You can install from sources:
```bash
apt-get install -y python-setuptools python-pip
git clone https://github.com/nmslib/hnswlib.git
cd hnswlib
pip install .
```

or you can install via pip:
`pip install hnswlib`

### For developers
Contributions are highly welcome!

Please make pull requests against the `develop` branch.

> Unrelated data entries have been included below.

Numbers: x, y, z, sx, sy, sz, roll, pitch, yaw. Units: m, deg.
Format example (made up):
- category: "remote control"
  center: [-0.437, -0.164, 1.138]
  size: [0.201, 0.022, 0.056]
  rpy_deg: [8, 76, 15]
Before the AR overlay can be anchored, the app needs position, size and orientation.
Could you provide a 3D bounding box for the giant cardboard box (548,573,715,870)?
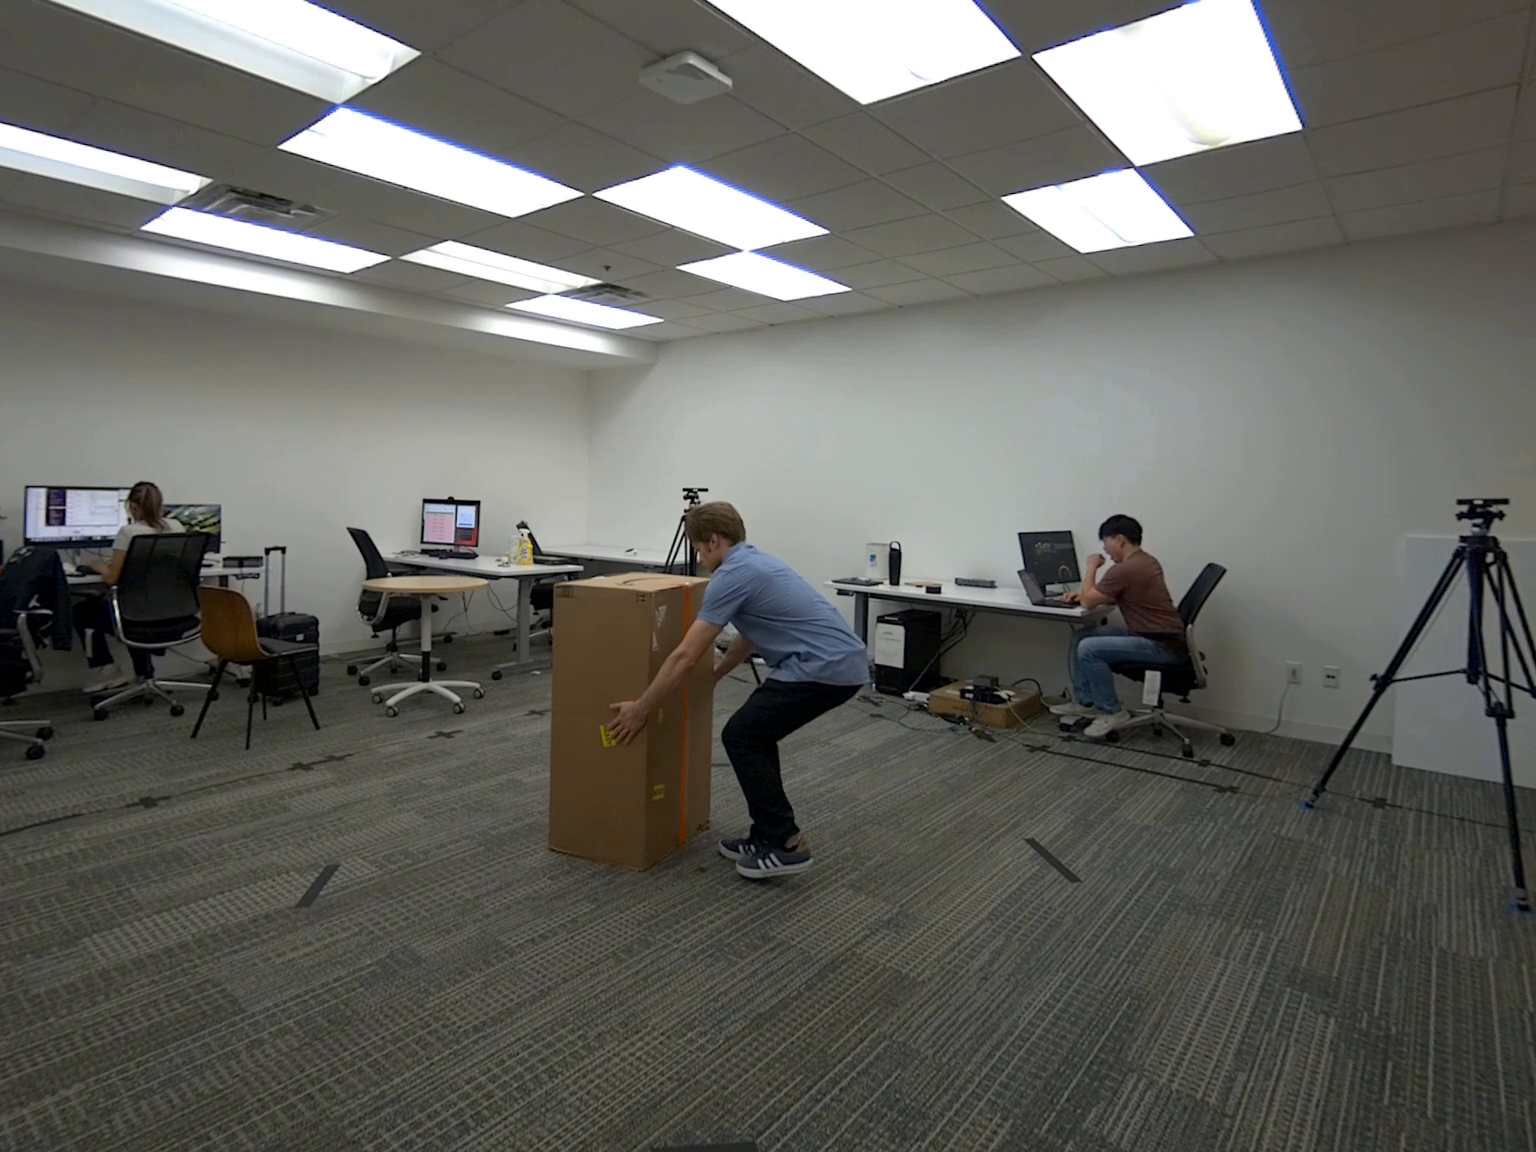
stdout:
- category: "giant cardboard box"
  center: [-0.538, 0.525, 3.399]
  size: [0.437, 1.023, 0.565]
  rpy_deg: [3, 3, 23]

When making changes please run tests (and please add a test to `tests/python` in case there is new functionality):
```bash
python -m unittest discover --start-directory tests/python --pattern "bindings_test*.py"
```

### Other implementations
* Non-metric space library (nmslib) - main library(python, C++), supports exotic distances: https://github.com/nmslib/nmslib
* Faiss library by facebook, uses own HNSW implementation for coarse quantization (python, C++):
https://github.com/facebookresearch/faiss
* Code for the paper
["Revisiting the Inverted Indices for Billion-Scale Approximate Nearest Neighbors"](https://arxiv.org/abs/1802.02422)
(current state-of-the-art in compressed indexes, C++):
https://github.com/dbaranchuk/ivf-hnsw
* Amazon PECOS https://github.com/amzn/pecos
* TOROS N2 (python, C++): https://github.com/kakao/n2
* Online HNSW (C++): https://github.com/andrusha97/online-hnsw)
* Go implementation: https://github.com/Bithack/go-hnsw
* Python implementation (as a part of the clustering code by by Matteo Dell'Amico): https://github.com/matteodellamico/flexible-clustering
* Julia implmentation https://github.com/JuliaNeighbors/HNSW.jl
* Java implementation: https://github.com/jelmerk/hnswlib
* Java bindings using Java Native Access: https://github.com/stepstone-tech/hnswlib-jna
* .Net implementation: https://github.com/curiosity-ai/hnsw-sharp
* CUDA implementation: https://github.com/js1010/cuhnsw
* Rust implementation https://github.com/rust-cv/hnsw
* Rust implementation for memory and thread safety purposes and There is A Trait to enable the user to implement its own distances. It takes as data slices of types T satisfying T:Serialize+Clone+Send+Sync.: https://github.com/jean-pierreBoth/hnswlib-rs

### 200M SIFT test reproduction
To download and extract the bigann dataset (from root directory):
```bash
python tests/cpp/download_bigann.py
```
To compile:
```bash
mkdir build
cd build
cmake ..
make all
```

To run the test on 200M SIFT subset:
```bash
./main
```

The size of the BigANN subset (in millions) is controlled by the variable **subset_size_millions** hardcoded in **sift_1b.cpp**.

### Updates test
To generate testing data (from root directory):
```bash
cd tests/cpp
python update_gen_data.py
```
To compile (from root directory):
```bash
mkdir build
cd build
cmake ..
make
```
To run test **without** updates (from `build` directory)
```bash
./test_updates
```

To run test **with** updates (from `build` directory)
```bash
./test_updates update
```

### HNSW example demos

- Visual search engine for 1M amazon products (MXNet + HNSW): [website](https://thomasdelteil.github.io/VisualSearch_MXNet/), [code](https://github.com/ThomasDelteil/VisualSearch_MXNet), demo by [@ThomasDelteil](https://github.com/ThomasDelteil)

### References
HNSW paper:
```
@article{malkov2018efficient,
title={Efficient and robust approximate nearest neighbor search using hierarchical navigable small world graphs},
author={Malkov, Yu A and Yashunin, Dmitry A},
journal={IEEE transactions on pattern analysis and machine intelligence},
volume={42},
number={4},
pages={824--836},
year={2018},
publisher={IEEE}
}
```

The update algorithm supported in this repository is to be published in "Dynamic Updates For HNSW, Hierarchical Navigable Small World Graphs" US Patent 15/929,802 by Apoorv Sharma, Abhishek Tayal and Yury Malkov.